Population, individuals, census and sample

Before running any statistical analysis, you need to be clear about who or what you are studying. Population, individual, census and sample are the four basic concepts that define the scope of any study.

Population and individuals

A population is the complete set of elements sharing one or more characteristics that you want to study. It does not have to mean people: a population can be a batch of manufactured parts, all the transactions processed by a bank on a given day, or all the plants of a species in a forest.

An individual is each single element that belongs to that population. Every measurement you take comes from one individual.

Examples of populations and their individuals

  • You want to study the average monthly salary of software engineers in Germany. The population is all software engineers currently employed in Germany. Each engineer is an individual.
  • A food company wants to check the sugar content of its yogurt production. The population is all yogurt units produced in a given batch. Each unit is an individual.
  • A biologist studies the weight of adult male lions in the Serengeti. The population is all adult male lions living there. Each lion is an individual.

Example icon
Each square represents one individual. The highlighted one is the individual being studied.

Figure 1: Each square represents one individual. The highlighted one is the individual being studied.

Why not always study the whole population?

In theory, the most reliable way to learn about a population is to measure every single individual. In practice, this is rarely feasible for three main reasons:

  • Cost: surveying every adult in a country to estimate unemployment takes months and costs millions.
  • Time: by the time you finish measuring everyone, the situation may have already changed.
  • Destructive measurement: if you want to test how many hours a light bulb lasts, you have to run it until it burns out. You cannot test every bulb and still have bulbs to sell.

In all these situations the solution is the same: take a sample.

💡 The key idea

You do not need to study the entire population to draw valid conclusions. A well-chosen sample of a few hundred individuals can give you reliable estimates about millions, as long as the sampling is done correctly.

Sample and census

If the data collection covers the entire population, it is called a census. The most familiar example is the national census, where governments attempt to count and collect information on every resident of a country. Useful, but expensive and slow.

A sample is a subset of individuals selected from the population. The number of individuals in the sample is the sample size, denoted \(n\). For a variable \(X\), a sample of size \(n\) is written as:

\[\{x_1, x_2, \ldots, x_n\}\]

The goal of sampling is not just to collect data from fewer people. It is to collect data from fewer people in a way that still lets you draw accurate conclusions about the whole population.

Census covers the entire population; a sample covers a representative subset

Figure 2: Census covers the entire population; a sample covers a representative subset

Biased samples

A sample is biased when it does not represent the population fairly. The conclusions you draw from a biased sample can be not just imprecise, but systematically wrong every time.

The most common sources of bias are:

  • Selection bias: some individuals are more likely to end up in the sample than others. If you survey customer satisfaction only among people who contacted support, you miss all the satisfied customers who never had a problem.
  • Non-response bias: some people refuse to participate. If those who decline are systematically different from those who respond, the sample no longer represents the population.
  • Survivorship bias: you only observe the individuals that passed some filter. Studying only successful startups to learn what makes a business succeed ignores all the failed ones that followed the same strategy.

⚠️ A famous example of biased sampling

In the 1936 US presidential election, the Literary Digest magazine polled 2.4 million people and predicted a landslide victory for Alf Landon over Franklin D. Roosevelt.

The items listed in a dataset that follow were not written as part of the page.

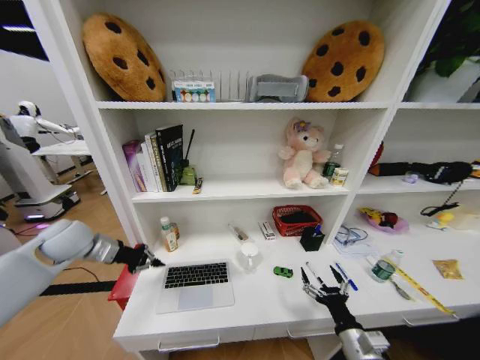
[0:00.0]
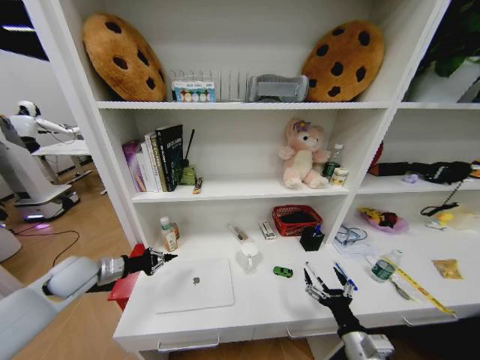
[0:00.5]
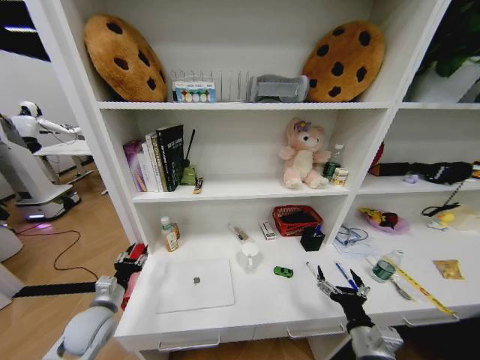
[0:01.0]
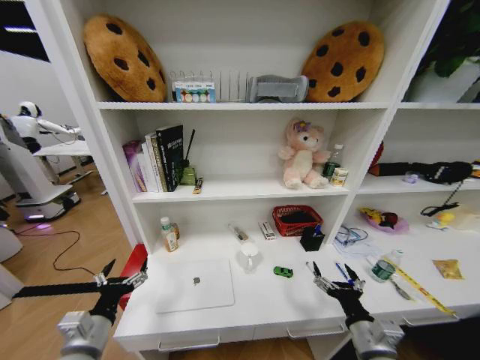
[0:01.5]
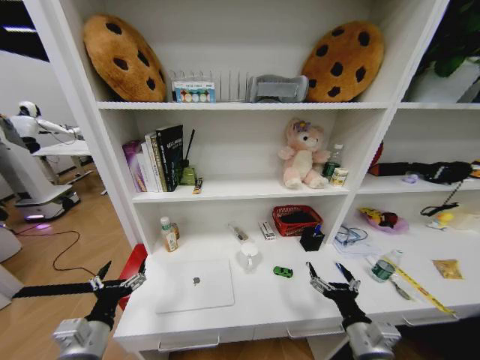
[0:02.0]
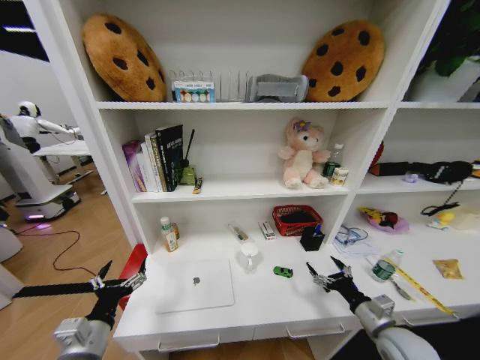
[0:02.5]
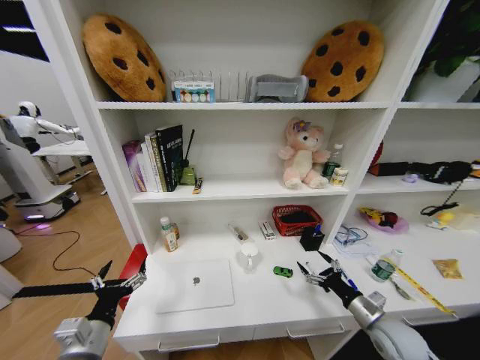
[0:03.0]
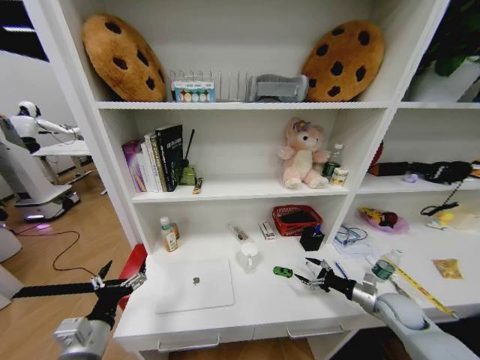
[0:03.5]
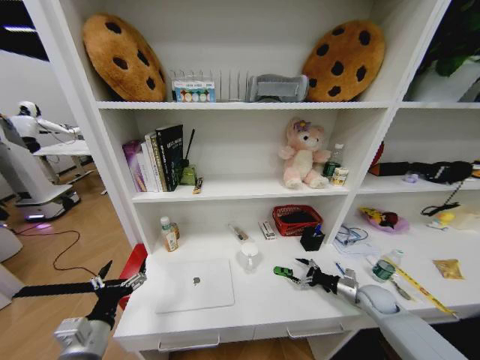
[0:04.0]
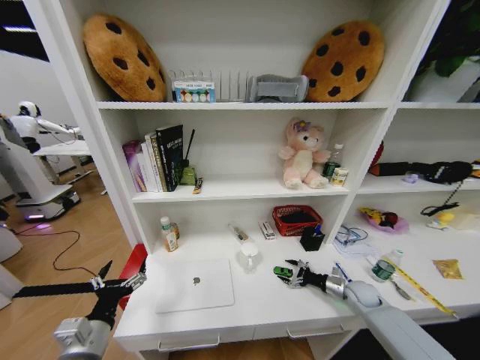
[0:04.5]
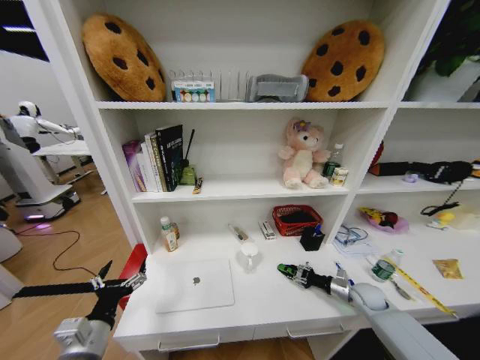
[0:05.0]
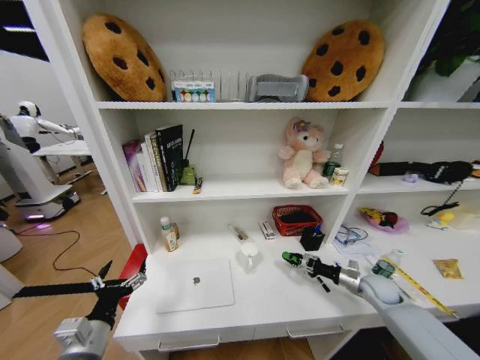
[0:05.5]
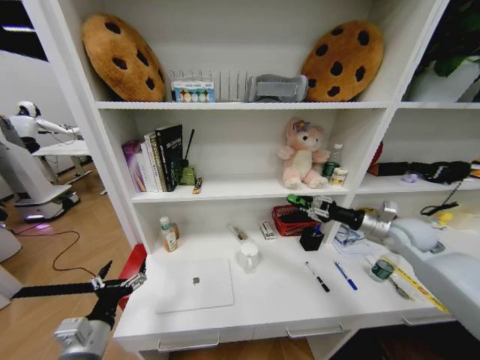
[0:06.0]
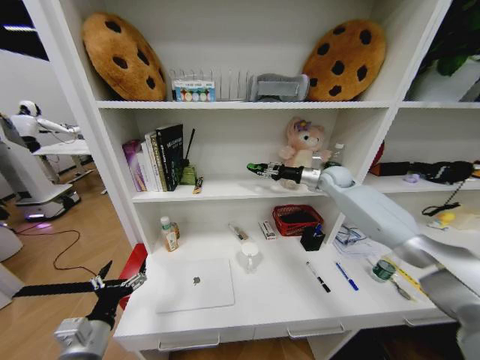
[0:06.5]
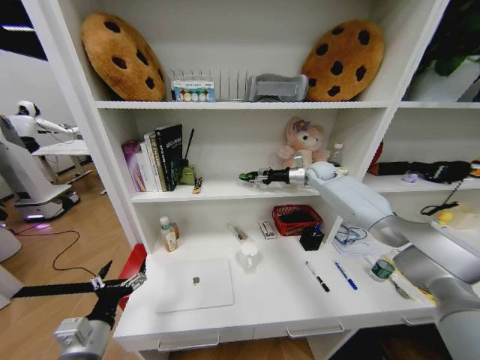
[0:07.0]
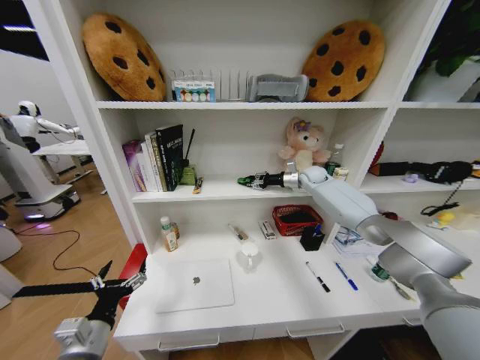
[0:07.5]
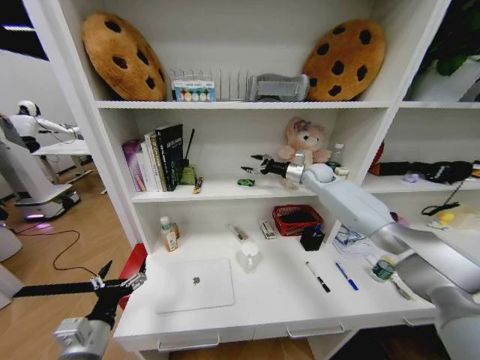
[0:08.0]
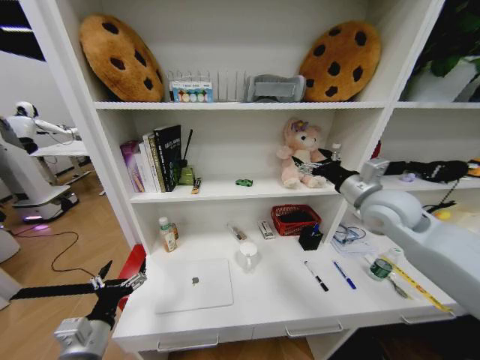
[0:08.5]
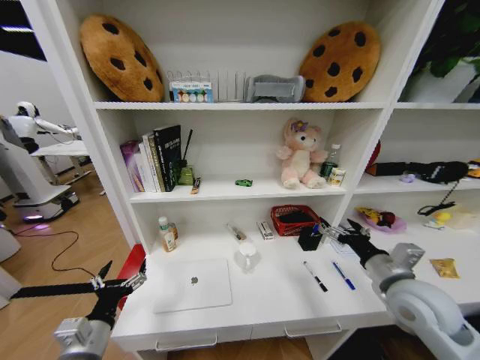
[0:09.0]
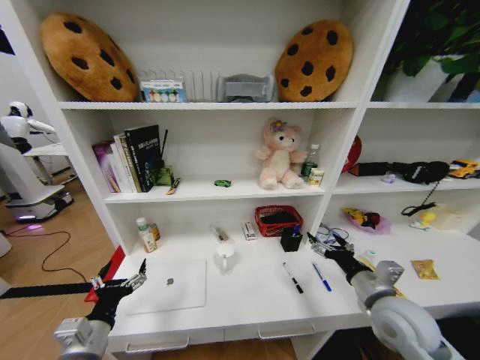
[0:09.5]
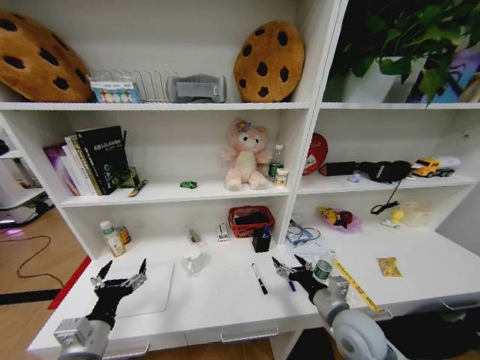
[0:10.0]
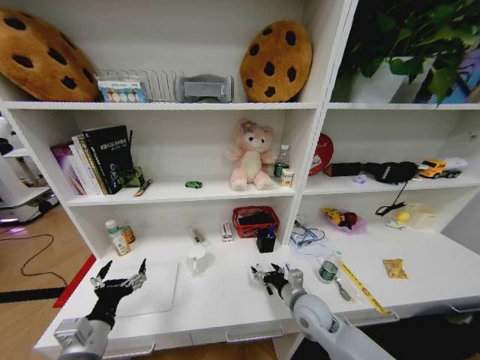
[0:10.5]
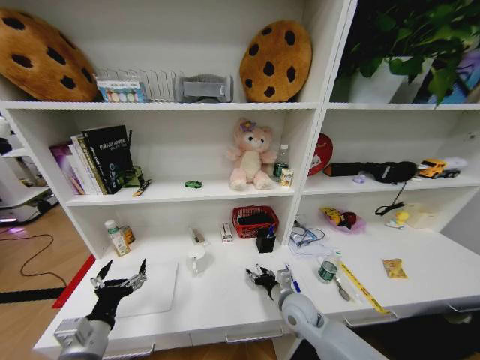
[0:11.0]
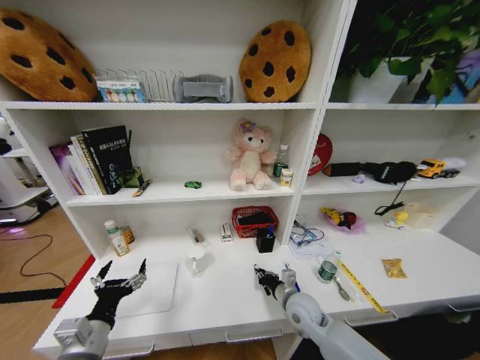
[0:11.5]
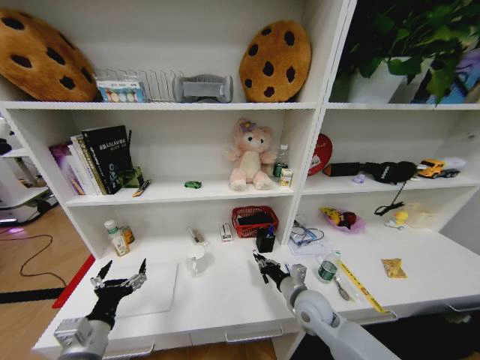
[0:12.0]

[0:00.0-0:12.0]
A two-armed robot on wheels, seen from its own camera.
Task of the whole recording: Organize the objects on the table.
0.0 to 2.0 s: The left gripper moves backward, downward and to the right, about 30 cm, and opens.
2.0 to 4.0 s: The right gripper moves forward, to the right and downward, roughly 30 cm.
4.0 to 6.0 s: The right gripper heads upward, covering some 25 cm, and closes up.
6.0 to 8.0 s: The right gripper is displaced forward and to the left by roughly 30 cm, and opens up.
8.0 to 10.0 s: The right gripper moves backward and downward, roughly 50 cm.
10.0 to 12.0 s: The right gripper travels forward, to the left and downward by roughly 10 cm, and closes its fingers.

Roosevelt won by a large margin. The problem: the magazine sampled from its own subscribers, telephone directories, and car registration lists, which in 1936 skewed heavily toward wealthier, Republican-leaning voters. A massive sample size did not compensate for a biased sampling method.

Left: unbiased sample (scattered but centered on the true value). Right: biased sample (consistently off-target).

Figure 3: Left: unbiased sample (scattered but centered on the true value). Right: biased sample (consistently off-target).

Sampling methods

The process used to select individuals from the population is called a sampling method. Choosing the right method is as important as choosing the right statistical test later.

When sampling is based on probability, every individual has a known, non-zero chance of being selected. The most common probabilistic methods are:

  • Simple random sampling: every individual has the same probability of being selected.
  • Stratified sampling: the population is divided into groups (strata) and a random sample is taken from each. Useful when the population has distinct subgroups you want to represent proportionally.
  • Cluster sampling: entire clusters are randomly selected. More practical when individuals are geographically spread out.
  • Systematic sampling: you select every \(k\)-th individual from a list.

You can find a detailed explanation of each method in the sampling methods section.

The characteristics measured on the individuals are called variables, represented with uppercase letters such as \(X\) or \(Y\). These variables can be qualitative or quantitative depending on the type of values they take.